_Work instructions:_ After locating the line with "table_cell 10 metų [704, 1343, 784, 1630]", retype it and every later line exactly, stopping at the end of the records.
━━ Provided entries ━━
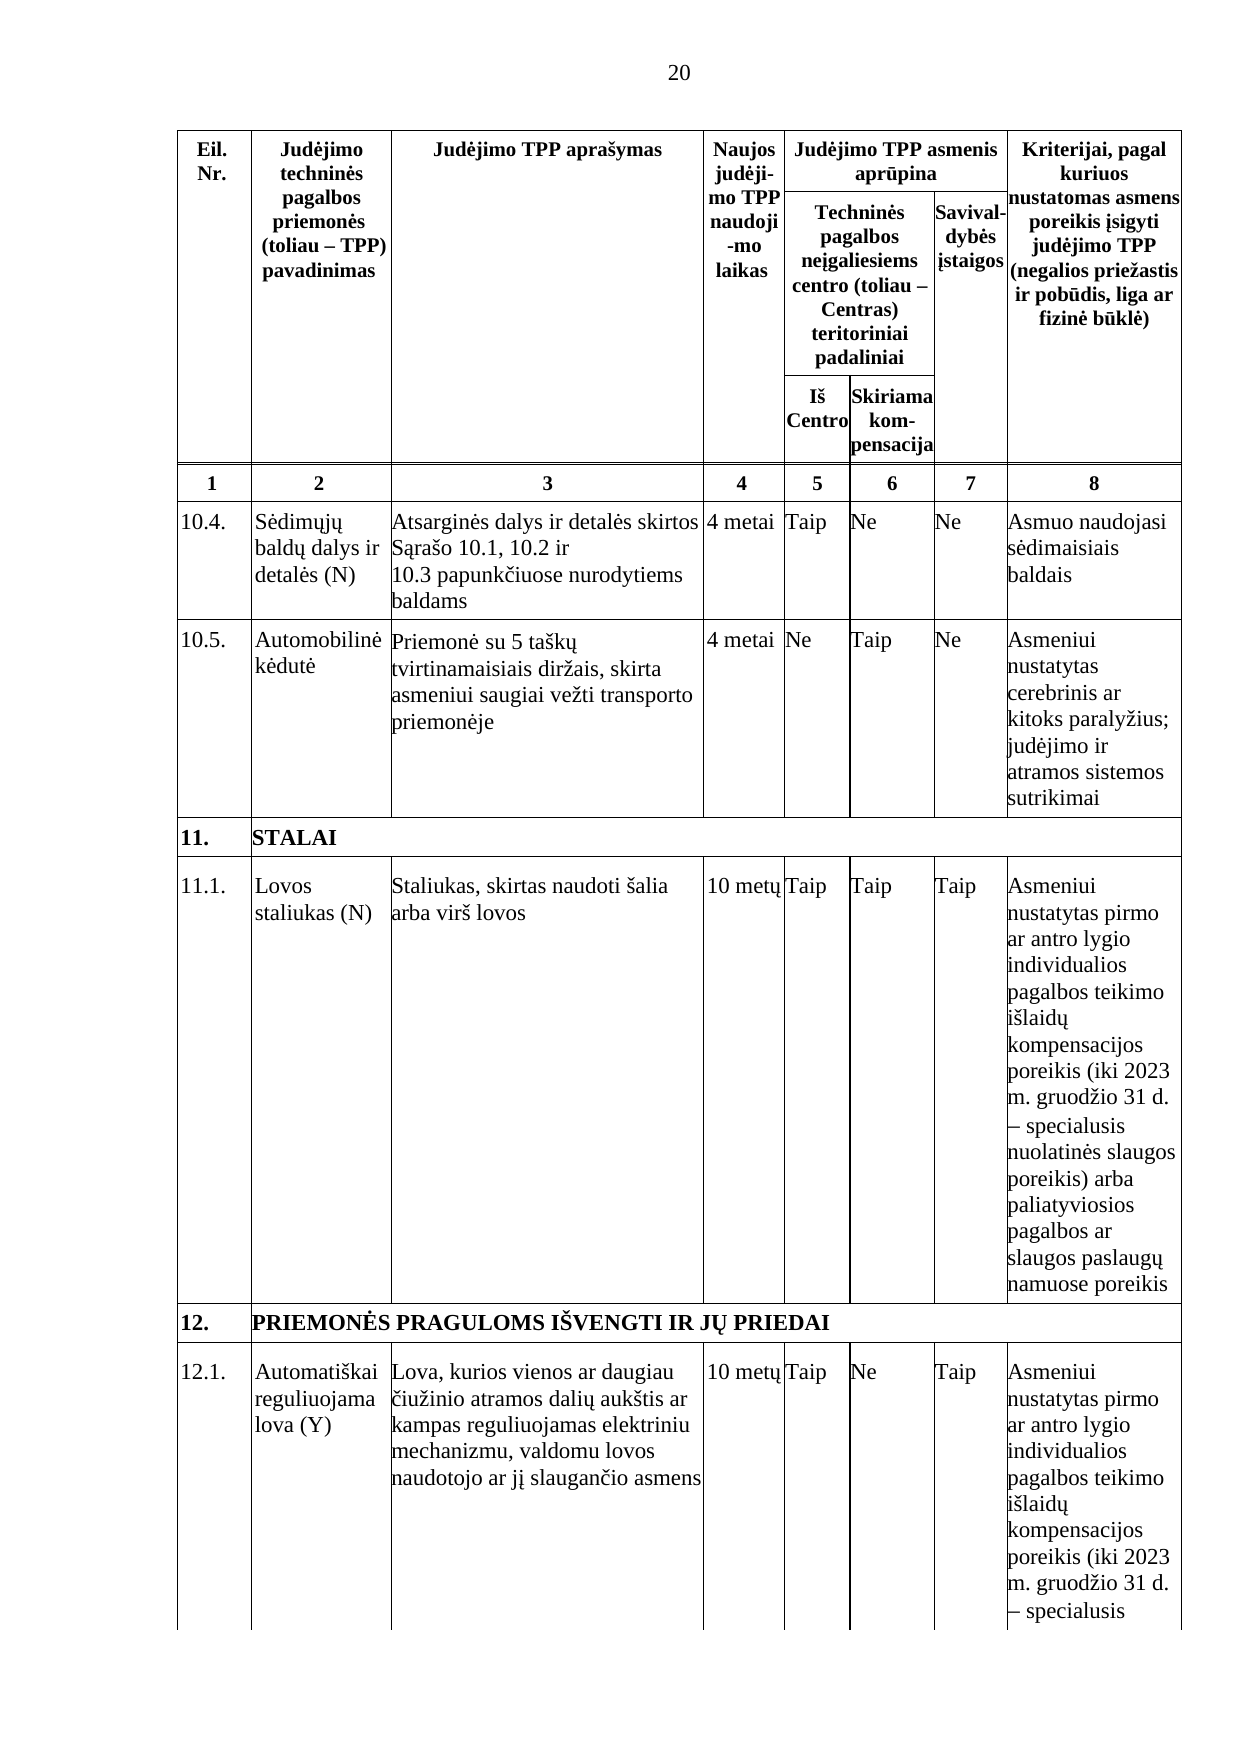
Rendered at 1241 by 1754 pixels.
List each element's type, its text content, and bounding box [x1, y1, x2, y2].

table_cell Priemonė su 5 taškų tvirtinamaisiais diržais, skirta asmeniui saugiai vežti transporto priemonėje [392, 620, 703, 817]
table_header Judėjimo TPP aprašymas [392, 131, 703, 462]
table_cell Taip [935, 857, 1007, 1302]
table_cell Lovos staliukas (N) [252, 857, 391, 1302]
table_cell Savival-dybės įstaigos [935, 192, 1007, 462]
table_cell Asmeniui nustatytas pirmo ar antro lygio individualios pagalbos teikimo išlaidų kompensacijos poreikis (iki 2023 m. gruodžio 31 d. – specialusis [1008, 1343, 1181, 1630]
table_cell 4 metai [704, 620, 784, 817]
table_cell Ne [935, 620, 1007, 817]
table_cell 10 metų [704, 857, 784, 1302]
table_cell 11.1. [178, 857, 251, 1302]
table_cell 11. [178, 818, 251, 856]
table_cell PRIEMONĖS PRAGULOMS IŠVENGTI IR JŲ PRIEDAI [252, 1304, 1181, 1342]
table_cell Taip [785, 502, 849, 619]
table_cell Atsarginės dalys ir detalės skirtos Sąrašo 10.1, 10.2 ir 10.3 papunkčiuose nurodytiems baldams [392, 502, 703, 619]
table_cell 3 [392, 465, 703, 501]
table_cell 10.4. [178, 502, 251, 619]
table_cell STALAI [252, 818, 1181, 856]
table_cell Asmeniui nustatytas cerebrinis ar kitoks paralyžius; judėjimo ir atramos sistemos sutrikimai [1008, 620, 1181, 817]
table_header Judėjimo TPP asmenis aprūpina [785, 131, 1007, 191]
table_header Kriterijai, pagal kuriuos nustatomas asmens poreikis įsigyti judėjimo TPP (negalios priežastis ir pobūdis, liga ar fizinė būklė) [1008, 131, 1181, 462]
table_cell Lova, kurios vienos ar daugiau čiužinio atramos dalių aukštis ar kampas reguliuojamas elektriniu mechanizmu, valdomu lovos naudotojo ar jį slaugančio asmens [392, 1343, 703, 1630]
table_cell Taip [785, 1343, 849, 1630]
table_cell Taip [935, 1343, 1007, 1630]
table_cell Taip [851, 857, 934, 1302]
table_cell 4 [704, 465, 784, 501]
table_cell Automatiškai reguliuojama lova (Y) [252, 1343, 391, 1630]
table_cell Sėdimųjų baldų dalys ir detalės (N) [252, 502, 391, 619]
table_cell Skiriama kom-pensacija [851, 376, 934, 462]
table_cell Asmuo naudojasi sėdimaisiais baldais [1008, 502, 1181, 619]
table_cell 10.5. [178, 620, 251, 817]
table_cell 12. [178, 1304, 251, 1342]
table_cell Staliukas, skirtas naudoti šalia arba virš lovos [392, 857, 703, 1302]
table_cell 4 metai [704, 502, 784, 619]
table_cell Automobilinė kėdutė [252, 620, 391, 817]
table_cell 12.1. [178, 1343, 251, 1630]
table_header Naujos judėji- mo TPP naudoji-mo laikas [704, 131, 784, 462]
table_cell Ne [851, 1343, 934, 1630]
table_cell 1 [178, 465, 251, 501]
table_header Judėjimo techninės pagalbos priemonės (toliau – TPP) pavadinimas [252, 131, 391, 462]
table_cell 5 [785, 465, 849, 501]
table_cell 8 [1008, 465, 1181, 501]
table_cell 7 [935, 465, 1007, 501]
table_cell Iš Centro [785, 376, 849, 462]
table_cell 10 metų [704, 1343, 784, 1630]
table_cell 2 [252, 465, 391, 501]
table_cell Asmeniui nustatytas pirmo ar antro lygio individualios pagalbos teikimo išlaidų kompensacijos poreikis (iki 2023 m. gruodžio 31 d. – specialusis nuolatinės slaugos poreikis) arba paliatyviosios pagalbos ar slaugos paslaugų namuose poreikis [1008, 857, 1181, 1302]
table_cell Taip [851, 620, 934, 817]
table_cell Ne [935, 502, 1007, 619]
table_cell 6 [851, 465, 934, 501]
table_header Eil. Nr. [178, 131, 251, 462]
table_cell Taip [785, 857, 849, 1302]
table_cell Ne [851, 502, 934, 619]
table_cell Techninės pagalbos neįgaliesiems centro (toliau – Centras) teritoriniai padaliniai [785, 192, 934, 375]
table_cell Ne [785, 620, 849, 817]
━━━
_The completed task:_
table_cell 10 metų [704, 1343, 784, 1630]
table_cell 2 [252, 465, 391, 501]
table_cell Asmeniui nustatytas pirmo ar antro lygio individualios pagalbos teikimo išlaidų kompensacijos poreikis (iki 2023 m. gruodžio 31 d. – specialusis nuolatinės slaugos poreikis) arba paliatyviosios pagalbos ar slaugos paslaugų namuose poreikis [1008, 857, 1181, 1302]
table_cell Taip [851, 620, 934, 817]
table_cell Ne [935, 502, 1007, 619]
table_cell 6 [851, 465, 934, 501]
table_header Eil. Nr. [178, 131, 251, 462]
table_cell Taip [785, 857, 849, 1302]
table_cell Ne [851, 502, 934, 619]
table_cell Techninės pagalbos neįgaliesiems centro (toliau – Centras) teritoriniai padaliniai [785, 192, 934, 375]
table_cell Ne [785, 620, 849, 817]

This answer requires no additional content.